こんな状況でいいはずがありません。では,どうすればいいのでしょうか。IT業界では,優れた知見が書籍,記事,論文などで広く共有されていますが,それらを取り入れようとすれば問題は解決していく,という単純な話ではありません。
まずは,どんな問題があるかを把握し,チームメンバーや組織で共有することが不可欠です。そして,問題はなぜ起きるのかをよく分析し,適切な対策を打つのが大事です。
本書では,ソフトウェア開発や保守にまつわる問題を「病気」に見立てて列挙し,それらが起きてしまっている原因や対処方法などを以下の形でまとめています。
- 症状と影響
その病気が示す症状と,どこにどんな悪さを及ぼすのかをかんたんにまとめています。
- 原因・背景
その病気が発病する原因,罹患しやすい背景を記しています。
- 治療法
可能な限り,その病気の治療法を記しています。すぐに治療可能なものもありますし,ある程度の時間が必要なものもあります。現在では根治が難しいものもありますが,それについては将来への展望を記してあります。
- 予防法
その病気に罹らずにすむ方法を記しています。病気に罹ってから治療するよりも,病気に罹らないように予防するのが最善です。
- 異説
本当は病気に罹っている状態なのに「病気でない」と誤診したり,本当は健康な状態なのに「病気に罹っている」と誤診したりするケースなどの違った見方を記し,筆者らの一方的な決めつけにならないように留意しています。
- 補足
本文中では記載しきれない補足事項を記してあります。
読みやすくするため,開発,レビュー・テスト,運用・保守,マネジメント,業界といった章を設けていますが,最初から順に読み進める必要はなく,どこから読んでもいいようにしてあります。

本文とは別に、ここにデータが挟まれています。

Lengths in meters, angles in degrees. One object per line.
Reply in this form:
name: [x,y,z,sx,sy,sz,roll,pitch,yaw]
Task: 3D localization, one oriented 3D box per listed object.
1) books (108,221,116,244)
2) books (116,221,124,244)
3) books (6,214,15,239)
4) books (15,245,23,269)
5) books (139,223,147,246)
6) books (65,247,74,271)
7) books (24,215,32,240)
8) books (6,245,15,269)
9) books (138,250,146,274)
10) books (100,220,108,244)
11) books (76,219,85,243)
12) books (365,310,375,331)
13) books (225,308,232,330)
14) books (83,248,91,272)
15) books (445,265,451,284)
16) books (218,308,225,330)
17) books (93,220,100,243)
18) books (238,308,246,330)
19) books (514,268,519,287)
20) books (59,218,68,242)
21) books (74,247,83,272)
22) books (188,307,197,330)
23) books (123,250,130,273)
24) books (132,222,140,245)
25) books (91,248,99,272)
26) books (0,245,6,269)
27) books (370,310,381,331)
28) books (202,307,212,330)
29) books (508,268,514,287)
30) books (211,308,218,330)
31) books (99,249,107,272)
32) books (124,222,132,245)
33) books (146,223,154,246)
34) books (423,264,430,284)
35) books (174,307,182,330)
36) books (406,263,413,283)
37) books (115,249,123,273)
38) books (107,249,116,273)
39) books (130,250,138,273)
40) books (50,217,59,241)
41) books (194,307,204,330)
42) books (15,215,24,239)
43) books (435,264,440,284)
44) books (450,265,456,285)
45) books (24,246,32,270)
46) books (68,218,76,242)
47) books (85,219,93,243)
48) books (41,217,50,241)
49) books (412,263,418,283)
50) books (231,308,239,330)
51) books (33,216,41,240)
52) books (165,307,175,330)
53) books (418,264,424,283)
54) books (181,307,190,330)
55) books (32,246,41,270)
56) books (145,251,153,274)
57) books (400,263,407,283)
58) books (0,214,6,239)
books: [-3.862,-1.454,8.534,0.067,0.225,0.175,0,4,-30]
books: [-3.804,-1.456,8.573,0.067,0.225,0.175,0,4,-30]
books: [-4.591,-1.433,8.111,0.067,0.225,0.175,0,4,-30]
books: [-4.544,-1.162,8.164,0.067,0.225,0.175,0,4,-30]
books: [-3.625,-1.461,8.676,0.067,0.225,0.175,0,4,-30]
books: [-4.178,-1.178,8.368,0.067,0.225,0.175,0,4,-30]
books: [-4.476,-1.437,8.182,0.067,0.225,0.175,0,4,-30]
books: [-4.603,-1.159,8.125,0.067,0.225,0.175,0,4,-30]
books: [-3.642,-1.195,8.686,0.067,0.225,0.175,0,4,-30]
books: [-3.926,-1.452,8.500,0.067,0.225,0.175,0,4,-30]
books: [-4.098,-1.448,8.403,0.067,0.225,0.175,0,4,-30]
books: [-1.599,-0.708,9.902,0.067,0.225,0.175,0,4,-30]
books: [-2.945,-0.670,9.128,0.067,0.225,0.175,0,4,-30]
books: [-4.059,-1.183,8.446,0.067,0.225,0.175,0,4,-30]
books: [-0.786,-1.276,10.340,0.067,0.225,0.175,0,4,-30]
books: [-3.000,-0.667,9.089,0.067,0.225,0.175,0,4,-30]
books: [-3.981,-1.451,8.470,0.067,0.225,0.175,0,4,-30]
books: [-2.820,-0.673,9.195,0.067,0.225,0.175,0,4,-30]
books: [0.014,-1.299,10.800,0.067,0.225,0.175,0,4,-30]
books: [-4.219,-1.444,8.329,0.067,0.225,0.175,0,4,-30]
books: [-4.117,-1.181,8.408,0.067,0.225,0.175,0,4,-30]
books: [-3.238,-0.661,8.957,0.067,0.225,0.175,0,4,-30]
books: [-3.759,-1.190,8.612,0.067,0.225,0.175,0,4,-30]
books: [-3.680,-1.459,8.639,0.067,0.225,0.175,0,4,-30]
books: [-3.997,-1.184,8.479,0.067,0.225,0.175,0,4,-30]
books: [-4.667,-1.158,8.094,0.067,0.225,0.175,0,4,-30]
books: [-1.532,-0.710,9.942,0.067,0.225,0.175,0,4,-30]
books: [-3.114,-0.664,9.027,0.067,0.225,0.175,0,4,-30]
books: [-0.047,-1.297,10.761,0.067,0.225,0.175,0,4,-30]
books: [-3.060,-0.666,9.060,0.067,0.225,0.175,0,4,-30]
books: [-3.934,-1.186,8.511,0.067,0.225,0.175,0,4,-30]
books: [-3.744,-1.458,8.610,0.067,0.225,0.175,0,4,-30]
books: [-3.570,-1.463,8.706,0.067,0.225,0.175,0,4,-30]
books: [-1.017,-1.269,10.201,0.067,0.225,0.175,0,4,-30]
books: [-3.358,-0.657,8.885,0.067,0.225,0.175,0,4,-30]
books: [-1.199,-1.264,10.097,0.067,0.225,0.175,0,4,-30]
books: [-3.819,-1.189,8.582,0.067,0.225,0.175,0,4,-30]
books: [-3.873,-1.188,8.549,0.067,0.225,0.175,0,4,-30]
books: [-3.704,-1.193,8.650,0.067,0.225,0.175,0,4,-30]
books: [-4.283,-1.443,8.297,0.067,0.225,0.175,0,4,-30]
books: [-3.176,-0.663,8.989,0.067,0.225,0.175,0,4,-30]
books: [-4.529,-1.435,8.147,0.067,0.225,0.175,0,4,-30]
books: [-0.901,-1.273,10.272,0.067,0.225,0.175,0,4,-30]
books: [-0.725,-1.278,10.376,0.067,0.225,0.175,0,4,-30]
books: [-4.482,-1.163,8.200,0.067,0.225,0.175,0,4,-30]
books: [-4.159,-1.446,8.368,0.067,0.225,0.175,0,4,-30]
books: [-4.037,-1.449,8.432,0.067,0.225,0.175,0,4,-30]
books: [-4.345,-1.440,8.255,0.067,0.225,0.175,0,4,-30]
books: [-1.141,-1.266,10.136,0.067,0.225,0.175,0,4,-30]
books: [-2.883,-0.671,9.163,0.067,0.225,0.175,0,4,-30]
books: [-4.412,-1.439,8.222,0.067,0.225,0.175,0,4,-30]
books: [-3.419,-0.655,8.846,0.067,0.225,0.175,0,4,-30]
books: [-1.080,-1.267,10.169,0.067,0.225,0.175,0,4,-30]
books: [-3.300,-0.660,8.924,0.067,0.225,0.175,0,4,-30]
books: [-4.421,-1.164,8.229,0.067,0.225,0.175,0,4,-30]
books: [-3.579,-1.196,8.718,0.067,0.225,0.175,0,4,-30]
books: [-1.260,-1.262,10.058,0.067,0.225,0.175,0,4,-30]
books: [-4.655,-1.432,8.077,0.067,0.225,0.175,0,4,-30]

本書で扱っている病気たちは,エンタープライズ系や組み込み系など,特定の分野に限定していません。想定読者も,特定の職種に限定していません。ソフトウェア開発,テスト,品質管理,改善推進,マネージャーなど,IT業界に関わる方々に広く共感していただけるものを目指して執筆しました。執筆者たちは,高いところから説を唱えているわけではありません。本書の執筆者の各人も,ドロドロしたネガティブ要因の中でもがいている者の1人です。
まずは「こんな病気って見たことがある」「自分たちも罹ってしまっているかも」と笑い飛ばし,楽しんでください。そのうえで,何か困ったことがあった時や行き詰まった時に読み返していただき,病気の治療と予防に本書が少しでもヒントになれば,筆者たちにとってこれほどうれしいことはありません。